By Sharan Mujoo
Since its launch in 1990, the giant Hubble telescope, named after one of the most important astronomers in history, has been providing stunning visuals from space. The 2.4-metre diameter mirror-laden telescope allowed for some of the most important breakthroughs in astrophysics, such as determining the rate of expansion of the universe. Despite its achievements, Hubble has its limitations. It operates mostly within the visible light spectrum, which limits its ability to look deeper into space.
A replacement is designed
Thus, in 1996 therefore, the Next Generation Space Telescope was conceived. It is now better known as the James Webb Space Telescope, after the famous NASA administrator. Touted as the formal successor to the Hubble, it is a combined effort by NASA, ESA and the Canadian Space Agency. Expected to launch from French Guiana by Spring 2019, the giant telescope boasts approximately 270 square feet of reflective area, about five times larger than Hubble’s. Costing an estimated $8.8 billion, the JWST was developed and manufactured by Northrop Grumman and Ball Aerospace & Technologies.

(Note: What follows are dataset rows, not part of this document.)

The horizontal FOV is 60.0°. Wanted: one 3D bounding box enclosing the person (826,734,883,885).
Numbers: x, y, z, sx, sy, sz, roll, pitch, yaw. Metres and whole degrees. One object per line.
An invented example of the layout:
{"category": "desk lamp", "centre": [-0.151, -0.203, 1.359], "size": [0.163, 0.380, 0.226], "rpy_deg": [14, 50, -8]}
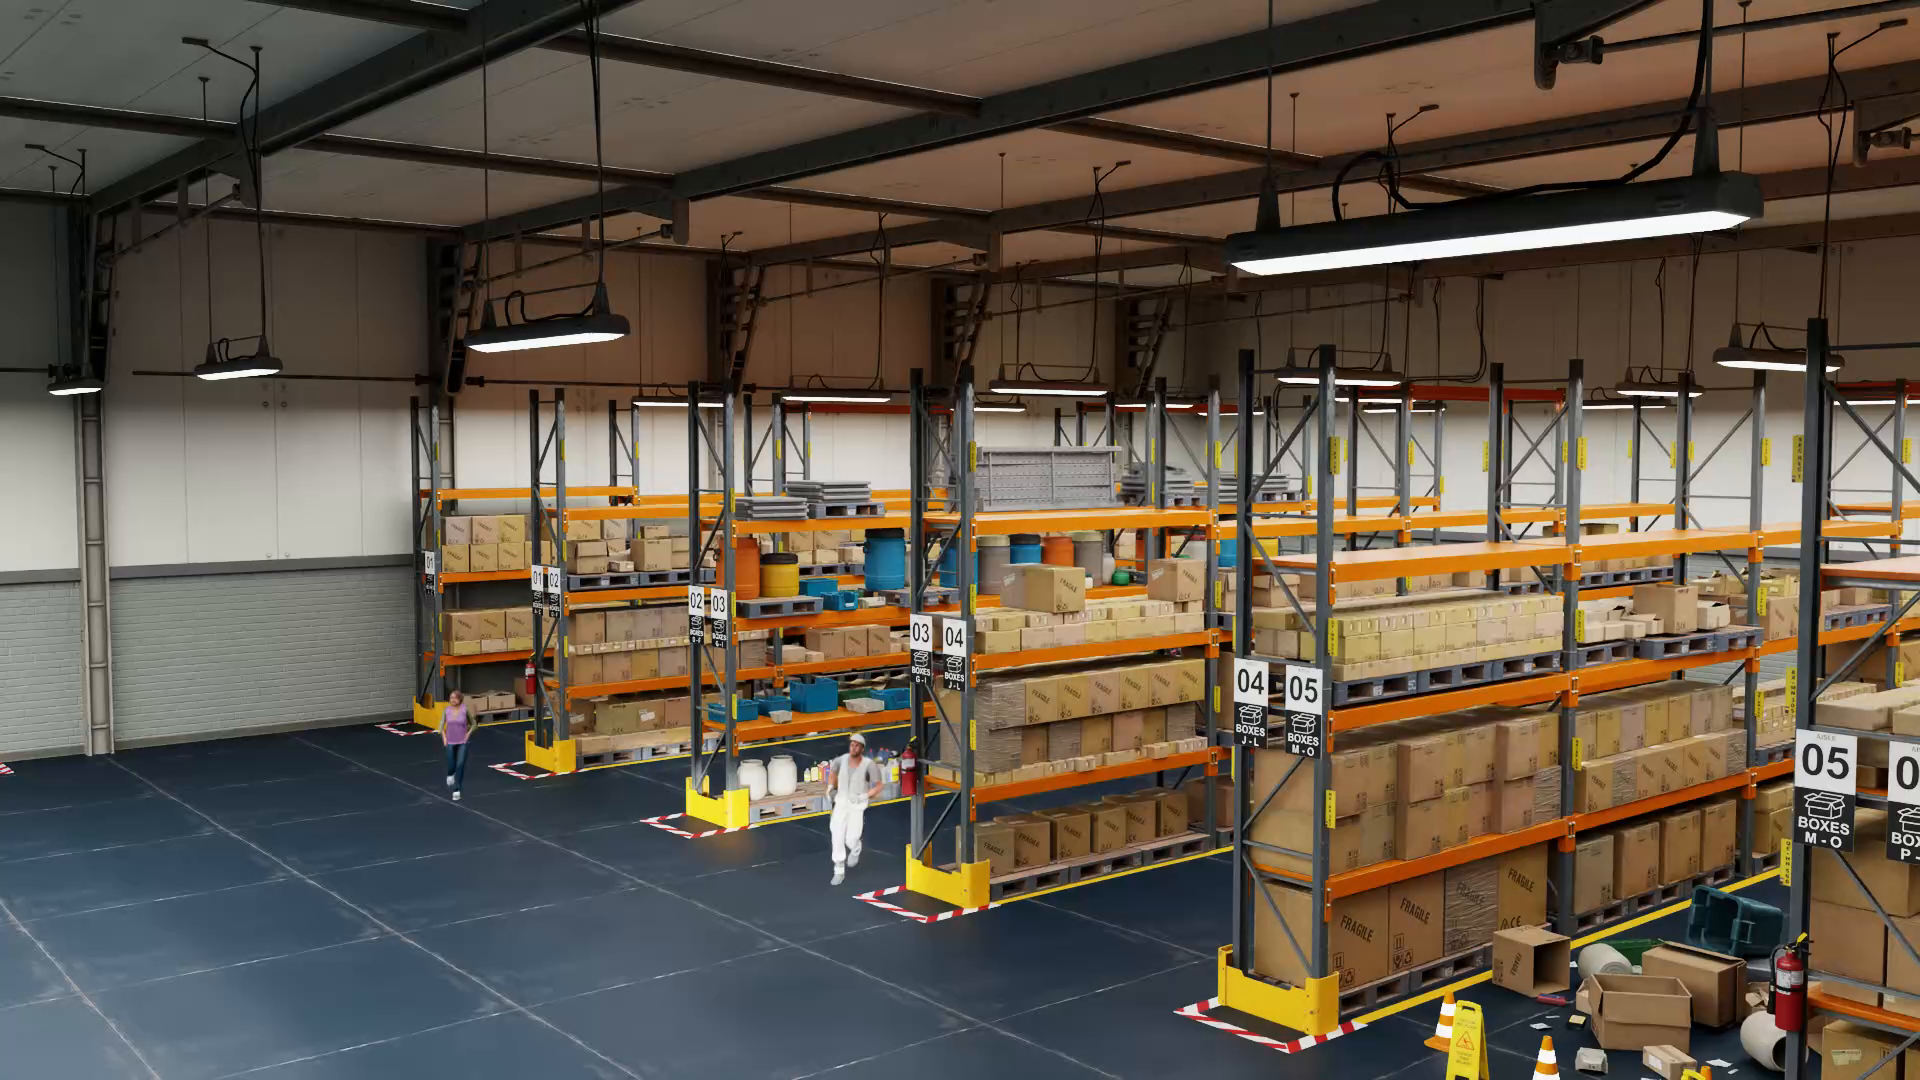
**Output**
{"category": "person", "centre": [-1.241, 3.150, 19.683], "size": [0.701, 1.749, 0.751], "rpy_deg": [1, 4, 18]}

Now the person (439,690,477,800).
{"category": "person", "centre": [-7.312, 2.969, 24.230], "size": [0.534, 1.571, 0.591], "rpy_deg": [-1, 3, -12]}

The primary mirror comprises 18 hexagonal segments made up of gold-plated beryllium. This allows for more light to be collected, thereby bringing in more astronomical information. The Webb will operate from orbit in the L2 Lagrangian Point, which is approximately 1.5 million kilometres from the earth. This positioning will put enough distance between the new telescope and the gravitational influence of the sun, earth and moon. The Webb will mainly be observing Infrared light, which can be mistaken as heat from the sun. Therefore, a heat shield will be placed behind the collecting mirrors which will protect the infrared detector from undesirable light waves.

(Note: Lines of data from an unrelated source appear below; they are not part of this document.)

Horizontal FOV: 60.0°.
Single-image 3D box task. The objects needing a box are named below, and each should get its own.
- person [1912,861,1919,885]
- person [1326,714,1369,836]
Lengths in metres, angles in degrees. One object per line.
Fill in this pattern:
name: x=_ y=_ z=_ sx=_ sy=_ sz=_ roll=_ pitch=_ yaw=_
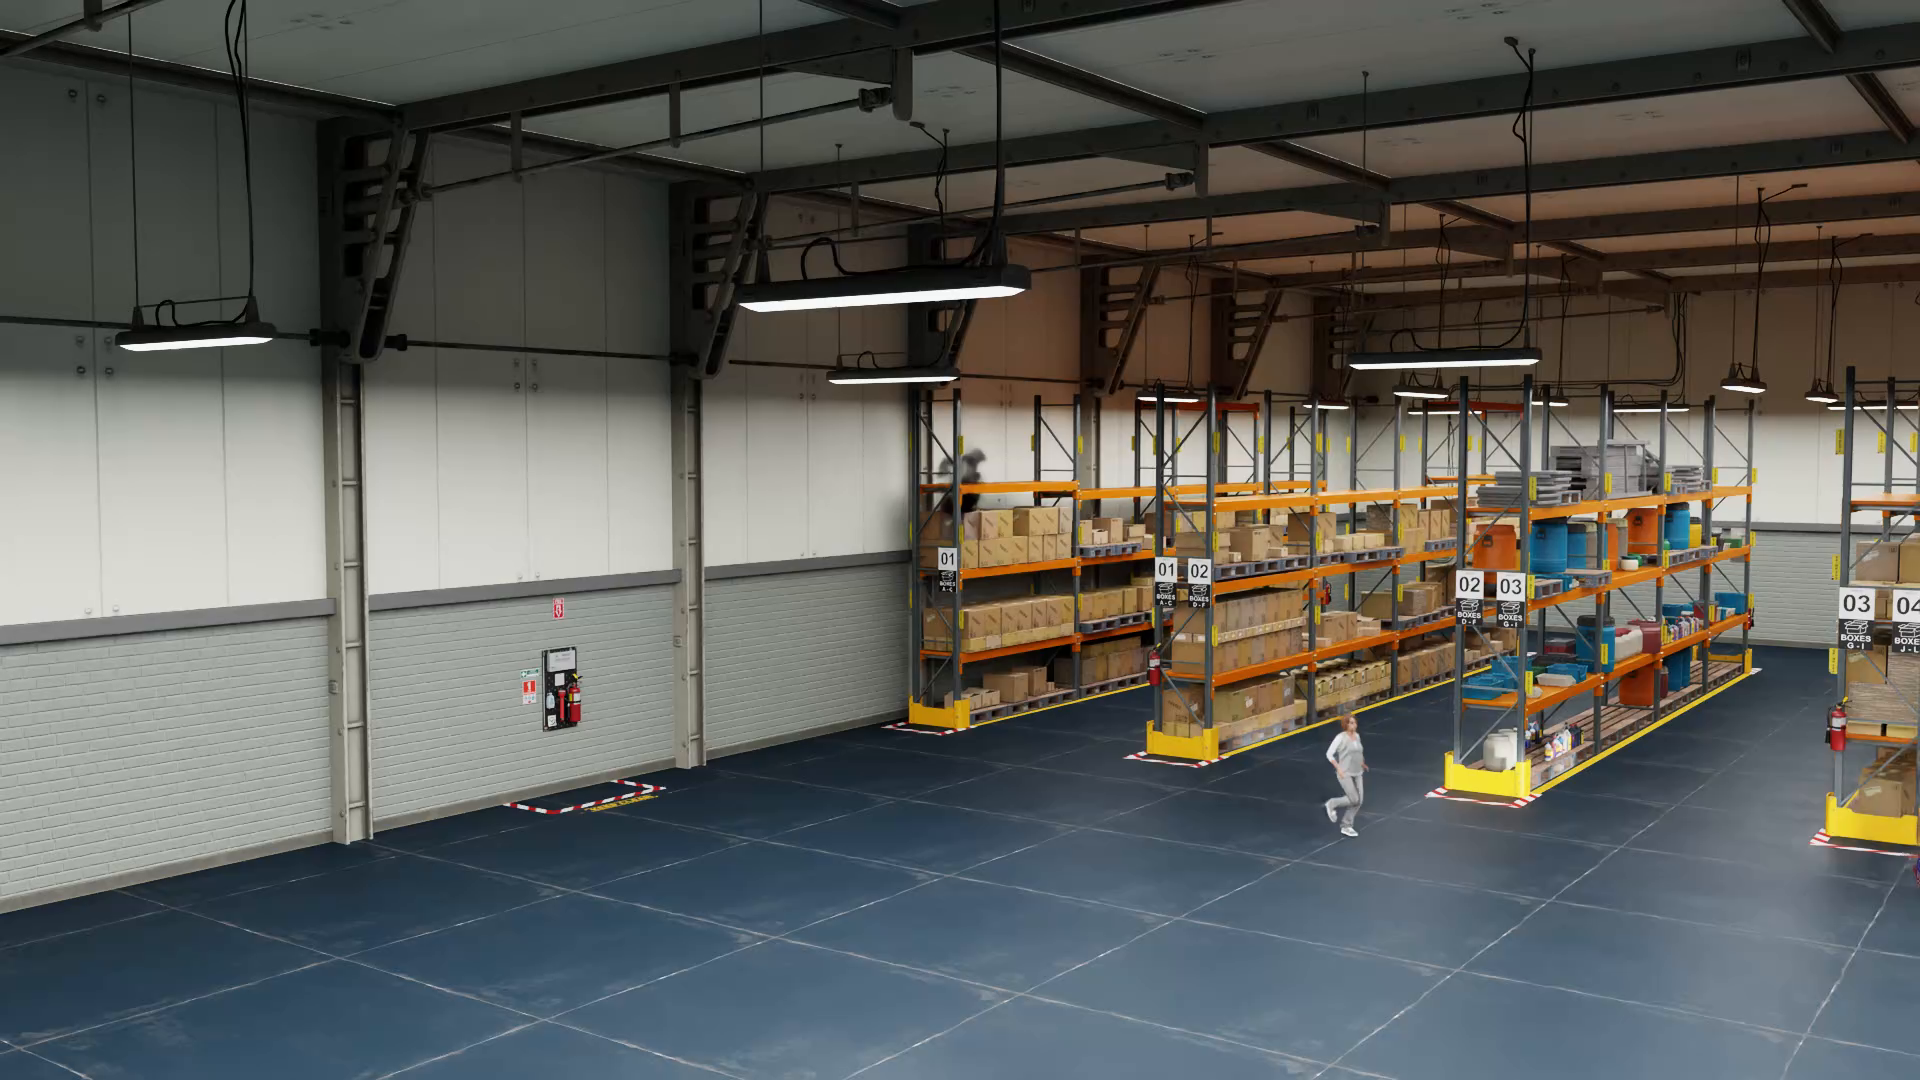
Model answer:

Planned scientific mission
The JWST boasts of four high tech instruments. The Near Infrared Cam (NIRCam) will detect light from stars in galaxies and nearby planets. It will also have the ability to block bright light from objects, making dimmer nearby objects visible. The European Space Agency (ESA) will also be providing the Near Infrared Spectrograph (NIRSpec), which will able to see 100 objects simultaneously. The Mid Infrared Spectrograph (MIRSpec) will be onboard to detect light and take images of celestial objects which are distant and farther away. Finally, the telescope will also have a Fine Guidance Sensor (FGS/NIRISS), provided by the Canadian Space Agency. This will be responsible for maintaining the direction of the telescope while the Near-Infrared Imager and Slitless Spectrograph will look for signs of primitive light in the universe.
After it settles into orbit, which is reckoned to take 30 days, the telescope will be in a position to fulfil its scientific agenda. It is expected to be able to study every historical stage of the universe, from the first energy emissions from the Big Bang to the formation of subsequent solar systems and the evolution of our own. There is little doubt that the future of all branches of astronomy will greatly be influenced by the discoveries made by the JWST.

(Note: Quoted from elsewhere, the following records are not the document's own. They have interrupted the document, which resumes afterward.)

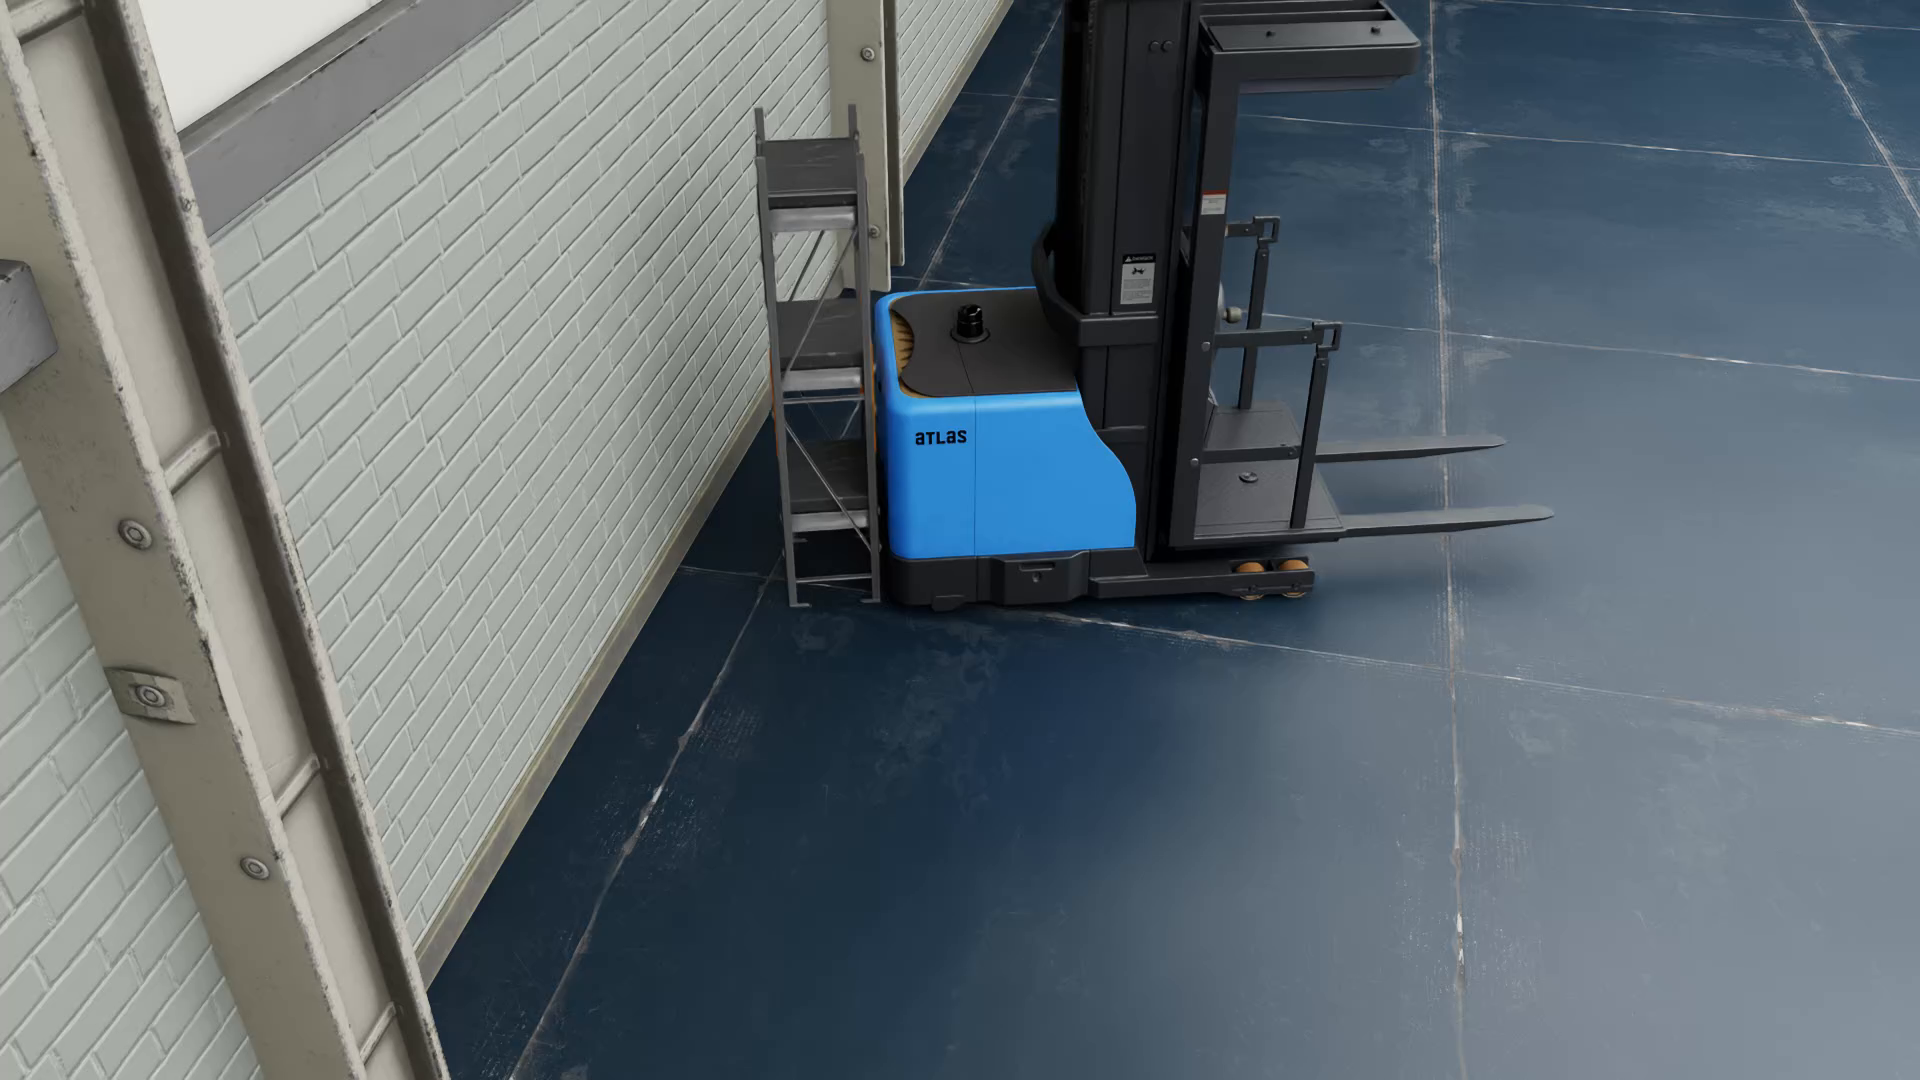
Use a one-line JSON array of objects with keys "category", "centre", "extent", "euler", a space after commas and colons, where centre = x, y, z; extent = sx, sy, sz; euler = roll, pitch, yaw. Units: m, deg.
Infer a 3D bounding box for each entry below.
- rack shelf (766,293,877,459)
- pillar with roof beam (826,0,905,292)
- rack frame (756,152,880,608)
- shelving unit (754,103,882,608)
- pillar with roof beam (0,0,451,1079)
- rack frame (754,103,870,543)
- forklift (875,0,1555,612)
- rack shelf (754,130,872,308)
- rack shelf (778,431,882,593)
[{"category": "rack shelf", "centre": [-0.579, -0.697, 6.946], "extent": [0.431, 0.518, 0.480], "euler": [-4, 36, -5]}, {"category": "pillar with roof beam", "centre": [3.678, -4.692, 6.556], "extent": [9.100, 9.000, 0.400], "euler": [7, 37, 10]}, {"category": "rack frame", "centre": [-0.552, -0.566, 6.742], "extent": [0.400, 2.100, 0.015], "euler": [-4, 36, -5]}, {"category": "shelving unit", "centre": [-0.579, -0.708, 6.938], "extent": [0.431, 2.100, 0.503], "euler": [-4, 36, -5]}, {"category": "pillar with roof beam", "centre": [2.397, -1.252, 1.810], "extent": [9.100, 9.000, 0.400], "euler": [7, 37, 10]}, {"category": "rack frame", "centre": [-0.606, -0.851, 7.135], "extent": [0.400, 2.100, 0.015], "euler": [-4, 36, -5]}, {"category": "forklift", "centre": [1.154, -1.228, 6.947], "extent": [3.031, 2.935, 1.130], "euler": [-3, 36, -4]}, {"category": "rack shelf", "centre": [-0.579, -1.264, 6.535], "extent": [0.431, 0.518, 0.480], "euler": [-4, 36, -5]}, {"category": "rack shelf", "centre": [-0.579, -0.131, 7.357], "extent": [0.431, 0.518, 0.480], "euler": [-4, 36, -5]}]

Although the telescope was expected to launch in 2018, integration challenges from various subsystems led to a delay. The budget also crossed a previous $4.4 billion estimated limit. This has led to increased scrutiny by the government, which has set up an independent review panel. NASA’s website quotes Eric Smith, the Program Director of the JWST, explaining the delays and giving a new launch date of spring 2019.“Webb’s spacecraft and sunshield are larger and more complex than most spacecraft. The combination of some integration activities taking longer than initially planned, such as the installation of more than 100 sunshield membrane release devices, factoring in lessons learned from earlier testing, like longer time spans for vibration testing, has meant the integration and testing process is just taking longer.”
The JWST project has now passed the 10-year mark. It is, without doubt, the biggest space exploration project so far. Given the many technical difficulties the project has faced at every stage of development, it would not be incorrect to say that it is a highly risky enterprise. That being said, it also has some of the best minds in the world at work. The potential reward of its success could be a turning point in the history of human discovery. The next decade could see the discovery of more habitable exoplanets, lifeforms and a better understanding of the underpinnings of this universe. The JWST, despite its challenges, is a giant leap forward.